# Walnut--to stain or not to stain



## wfedwardsjr (Sep 14, 2012)

This is my first project with walnut. I have read mixed feelings about stain on walnut. I like the way it looks without stain. On the small test pieces, "dark walnut" danish oil doesn't really darken it that much, assuming I first filled the pores. I have not tried it yet with actual 100% stain. Anyway, I guess I am ok with it either way. What I'm not sure of is how walnut will keep its color after UV exposure, like through a window. I have read that it fades significantly. This would be my reason for stain. Is this legit, or am I worrying about nothing? The finish will be Tung oil/varnish, with essentially no film. If not for the worry about fading, I'd prefer to keep it natural. Thanks for your input.

Billy


----------



## johnstoneb (Jun 14, 2012)

I believe walnut is to beautiful a wood to stain. It, like cherry does darken over time.Try stain on a scrap piece and see how you like it.


----------



## rrww (Aug 12, 2012)

Walnut tends to lighten over time…

I prefer Walnut to be natural, I havn't noticed that much fade from the uv light. In may option it is not enough to worry about.

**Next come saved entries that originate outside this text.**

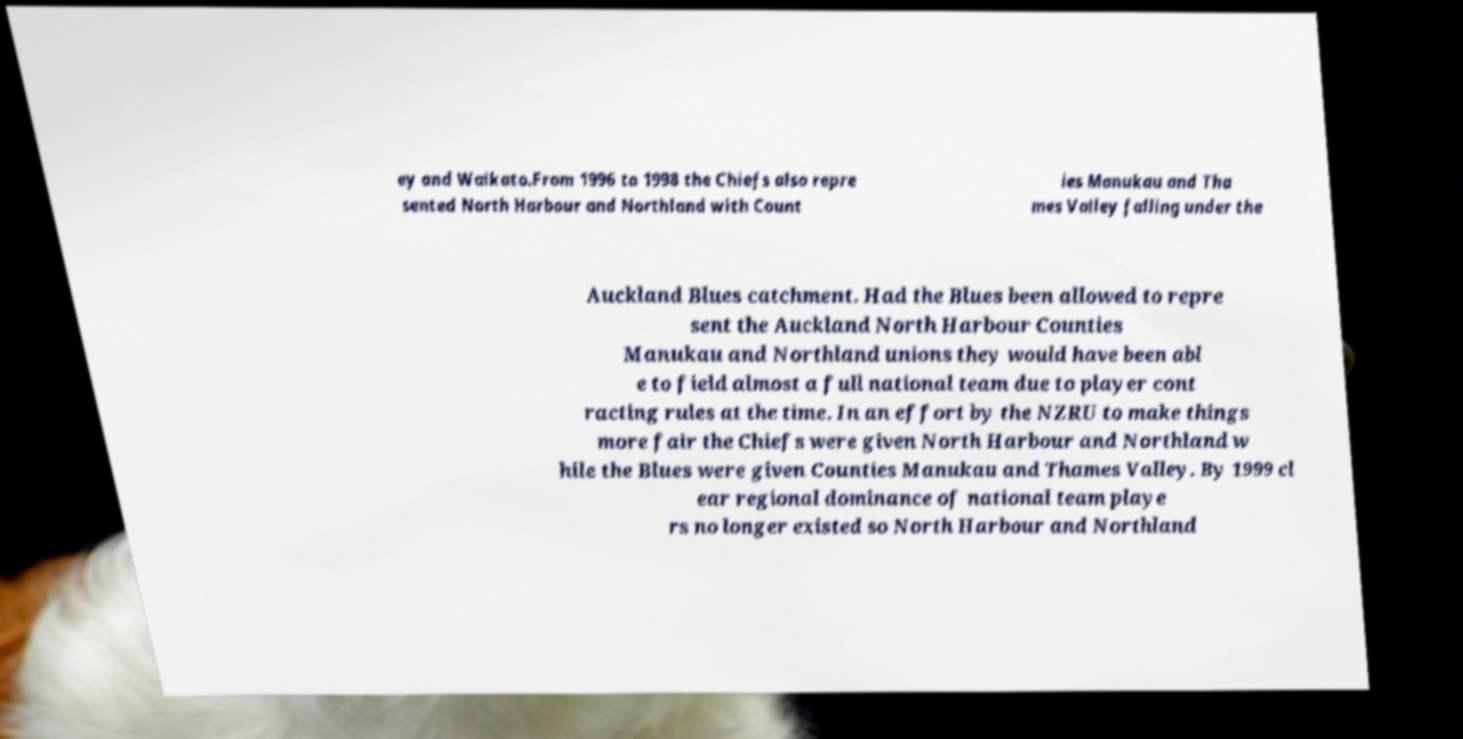Can you accurately transcribe the text from the provided image for me? ey and Waikato.From 1996 to 1998 the Chiefs also repre sented North Harbour and Northland with Count ies Manukau and Tha mes Valley falling under the Auckland Blues catchment. Had the Blues been allowed to repre sent the Auckland North Harbour Counties Manukau and Northland unions they would have been abl e to field almost a full national team due to player cont racting rules at the time. In an effort by the NZRU to make things more fair the Chiefs were given North Harbour and Northland w hile the Blues were given Counties Manukau and Thames Valley. By 1999 cl ear regional dominance of national team playe rs no longer existed so North Harbour and Northland 
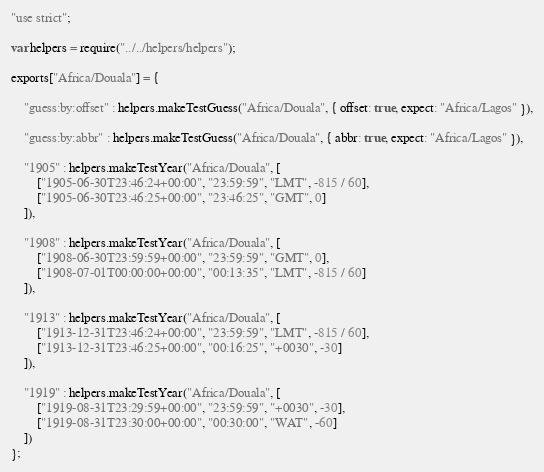<code> <loc_0><loc_0><loc_500><loc_500><_JavaScript_>"use strict";

var helpers = require("../../helpers/helpers");

exports["Africa/Douala"] = {

	"guess:by:offset" : helpers.makeTestGuess("Africa/Douala", { offset: true, expect: "Africa/Lagos" }),

	"guess:by:abbr" : helpers.makeTestGuess("Africa/Douala", { abbr: true, expect: "Africa/Lagos" }),

	"1905" : helpers.makeTestYear("Africa/Douala", [
		["1905-06-30T23:46:24+00:00", "23:59:59", "LMT", -815 / 60],
		["1905-06-30T23:46:25+00:00", "23:46:25", "GMT", 0]
	]),

	"1908" : helpers.makeTestYear("Africa/Douala", [
		["1908-06-30T23:59:59+00:00", "23:59:59", "GMT", 0],
		["1908-07-01T00:00:00+00:00", "00:13:35", "LMT", -815 / 60]
	]),

	"1913" : helpers.makeTestYear("Africa/Douala", [
		["1913-12-31T23:46:24+00:00", "23:59:59", "LMT", -815 / 60],
		["1913-12-31T23:46:25+00:00", "00:16:25", "+0030", -30]
	]),

	"1919" : helpers.makeTestYear("Africa/Douala", [
		["1919-08-31T23:29:59+00:00", "23:59:59", "+0030", -30],
		["1919-08-31T23:30:00+00:00", "00:30:00", "WAT", -60]
	])
};</code>

Golden oak does look nice on walnut.

Good luck.


----------



## TheWoodenOyster (Feb 6, 2013)

I like walnut natural, and I don't think it is worth adding stain to. Maybe plain oil, but not stain.

Can't help with whether or not it lightens up over time. I've only had my walnut creations for a year or so.


----------



## Rick Dennington (Aug 27, 2009)

Personally…..I would never put stain on walnut…..The beauty of the wood is the wood…..I use about 2-3 coats of Natural Danish Oil (depending on the look I'm after), and then maybe topcoat it, once it's dry, with a clear varnish (polyurethane) with 3-4 coats…..When you put the Danish Oil on, watch that grain "pop"....then you'll know why you don't need stain…...Walnut fading bad is urban legand….........


----------



## RogerM (Oct 31, 2011)

While I love walnut I often put a golden oak (Minwax) stain on it that gives it a warm gold color. Some walnut has a cold blue cast to it and the golden oak stain eliminates this.


----------



## knotscott (Feb 27, 2009)

I wouldn't typically stain nice looking black walnut, but not all walnut has the same color, and sometimes you need to match the boards. In a case where I had a mismatch, I might use stain.


----------



## CharlieM1958 (Nov 7, 2006)

If you are really looking for a particular color, go ahead and stain it. but if all you want is a pretty result, leave it natural.

The only time I've stained walnut is when I was trying to match some dark cherry commercial furniture, and it worked out well.


----------



## NoThanks (Mar 19, 2014)

Stain away, No Rules. Make it the color that makes you feel good.

I've stained lots of walnut. I've left it natural just as many times.

Sometimes natural is boring depending on what the project is. 
Sometimes natural is the best for what it is.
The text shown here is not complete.